Casting a Cautious Eye on Private-Equity IPOs

Retail investors wanting a piece of high-rolling private-equity action should look cautiously at a novel pair of initial public offerings from giant buyout firms Kohlberg Kravis Roberts and Apollo Investment Group, as underwriting firms move to get a share of the lucrative market.

Seen as the advance guard of a movement expected to sweep through the private-equity industry, the two multibillion-dollar firms created closed-end, public investment companies that will make private investments in middle-market companies. These mezzanine debt funds will generate income through debt, and eventually, stock in companies that are taken public.

According to a Securities and Exchange Commission filing, KKR's business development company will invest up to 30% of its portfolio in distressed debt, high-yield or junk bonds and other distressed securities of public companies.

Apollo raised $930 million and closed its doors to new money after pricing an IPO for its Apollo Investment Corp. ( AINV) on April 5. KKR filed a $750 million offering Monday that could raise well over $1 billion, according to industry observers.

But David Menlow, president of, said investors won't see the quick gains and high stock turnover once equated with initial public offerings.

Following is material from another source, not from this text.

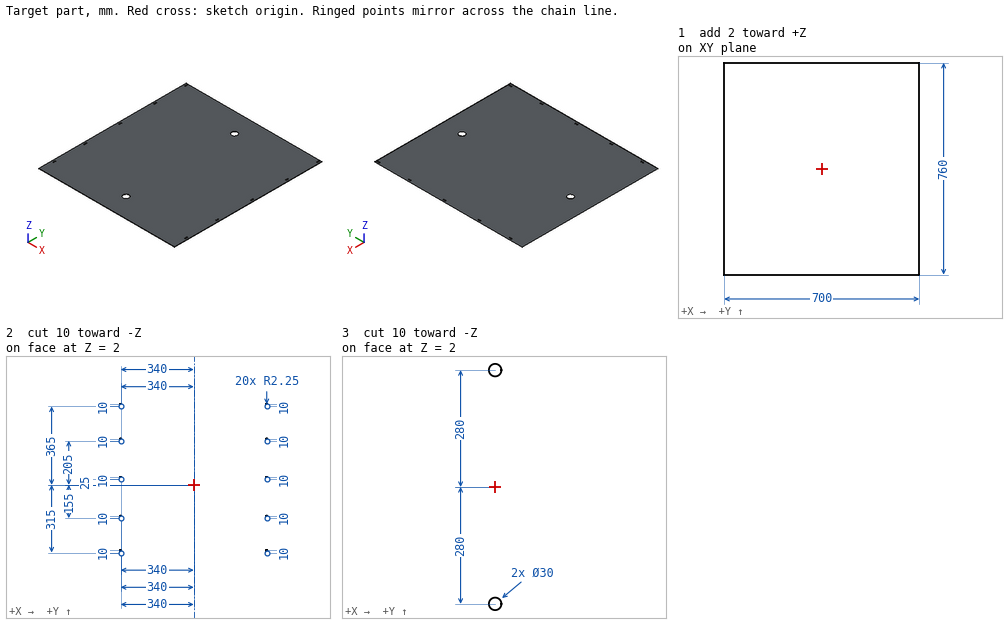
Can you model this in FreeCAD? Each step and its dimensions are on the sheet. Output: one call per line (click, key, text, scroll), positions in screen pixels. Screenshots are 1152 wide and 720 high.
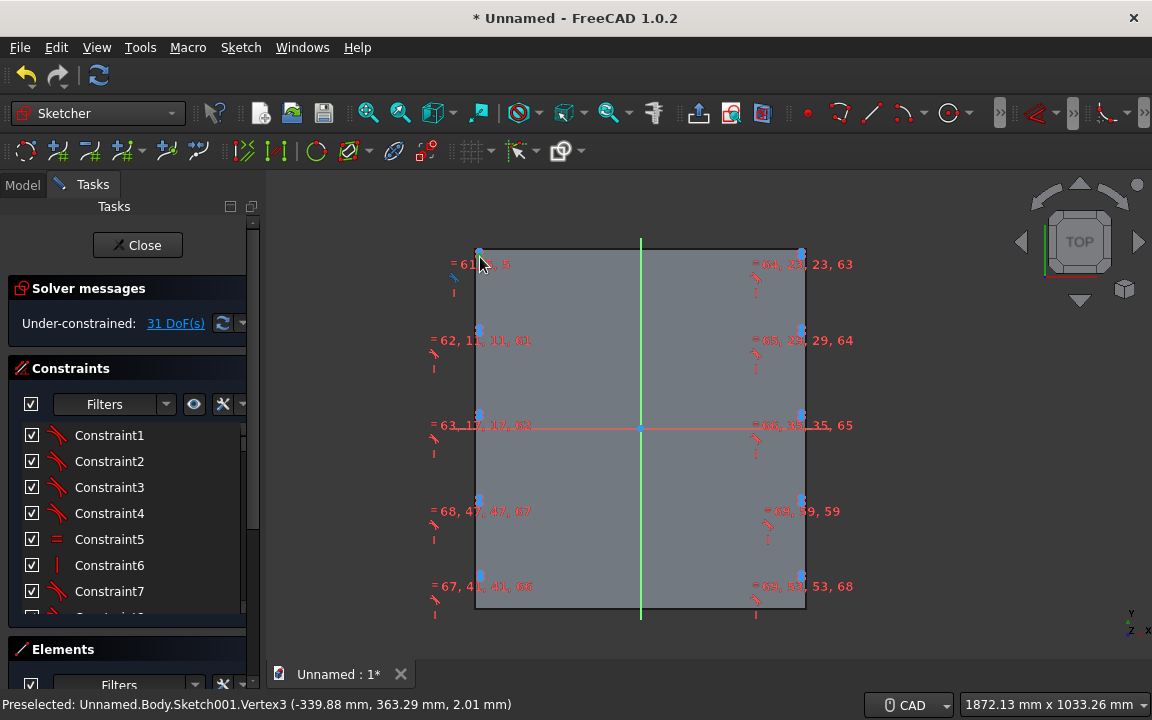
scroll(802, 257, up, 13)

While the new securities are public, investors in the third- and fourth-largest IPOs of the year should go in with a whole new set of expectations, he said.

"Investors coming into these deals have to just let go of whatever objectives they have for the short term," he said. "This is all about trusting Apollo or KKR. It's 'Let's put our faith with them.' It's a longer-term view, not something where you're going to buy these stocks and get a pop at the opening."

Apollo Investment shares closed at $15.04 on Tuesday, and have reached only as high as $15.44 since they started trading April 6.

Robert Kyle, executive vice president of PlacementTracker, says private-equity investing is very different from buying stocks. While the novelty of getting into these deals may be appealing, it's also very complicated.

"It's probably a bit of a trend, these alternative investment vehicles getting exposed to the public markets -- it gives investors a chance to do things they normally can't do," he said. "But I think the biggest question mark here is: Will the average investor be able to understand what they're buying here?"

Absolutely not, said one long-time private-equity expert, who asked not to be identified.

"In my view, they're incredible sucker bets," he said. "These offerings are loaded up with fees and underwriter spreads and it's incredibly stupid."

Menlow said the underwriters of these offerings were set to reap significant revenue from the customary 6.25% commission for the listings. UBS Investment Bank, a unit of UBS Group ( UBS); J.P. Morgan Securities, a unit of J.P. Morgan Chase ( JPM); and Citigroup ( C) led the Apollo deal. Credit Suisse First Boston, a unit of Credit Suisse ( CSR) and J.P. Morgan Securities handled the KKR listing.

"It does appear to be the underwriting companies' opportunity to share in the fees that are going around," he said. "This is the world of the brokerage community trying to capture a piece of that market."

Other private-equity firms have been approached by underwriters who hope to swing similar deals, but none have announced their plans.

In addition, the anonymous industry expert said KKR has no history of distressed-debt investing.

"They're raising the fund totally on the name of KKR, as opposed to some long-term historical record of these kinds of investments," he said.

Apollo expanded its distressed debt investing last year, launching a $650 million hedge fund to make those investments.

Typically, investors in private-equity funds commit large amounts of money -- usually a minimum of $5 million for institutional investors -- provide capital when the fund asks for it, and wait as long as 10 years to see a profit. The private-equity fund takes 20% of that profit, usually after it reaches a previously agreed-upon profit percentage, often called the hurdle rate.

Despite differing track records, the two private-equity shops have one thing in common: They both want to raise as much money as they can as quickly as possible, and the public offering shortcuts a private fund-raising process that can take up to a year.

"It's weird that the private-equity industry has glommed onto this method of fundraising, but look at the dichotomy between this and the difficulty of raising a fund in the private market," the industry skeptic said. "It's difficult to raise a mezzanine fund privately, and it takes a long time. I would contrast that with the ease with which Apollo and KKR are seemingly going to pull off the public thing."

"I bet everybody's going to be doing one of these deals now," Kyle said. "The appetite is there."

Menlow said the need to defer the expectations of quick money may go some small way to ending investors' notions for newly listed companies.

"It's just pushing everyone back to the strict definition of what IPO investing is all about," he said.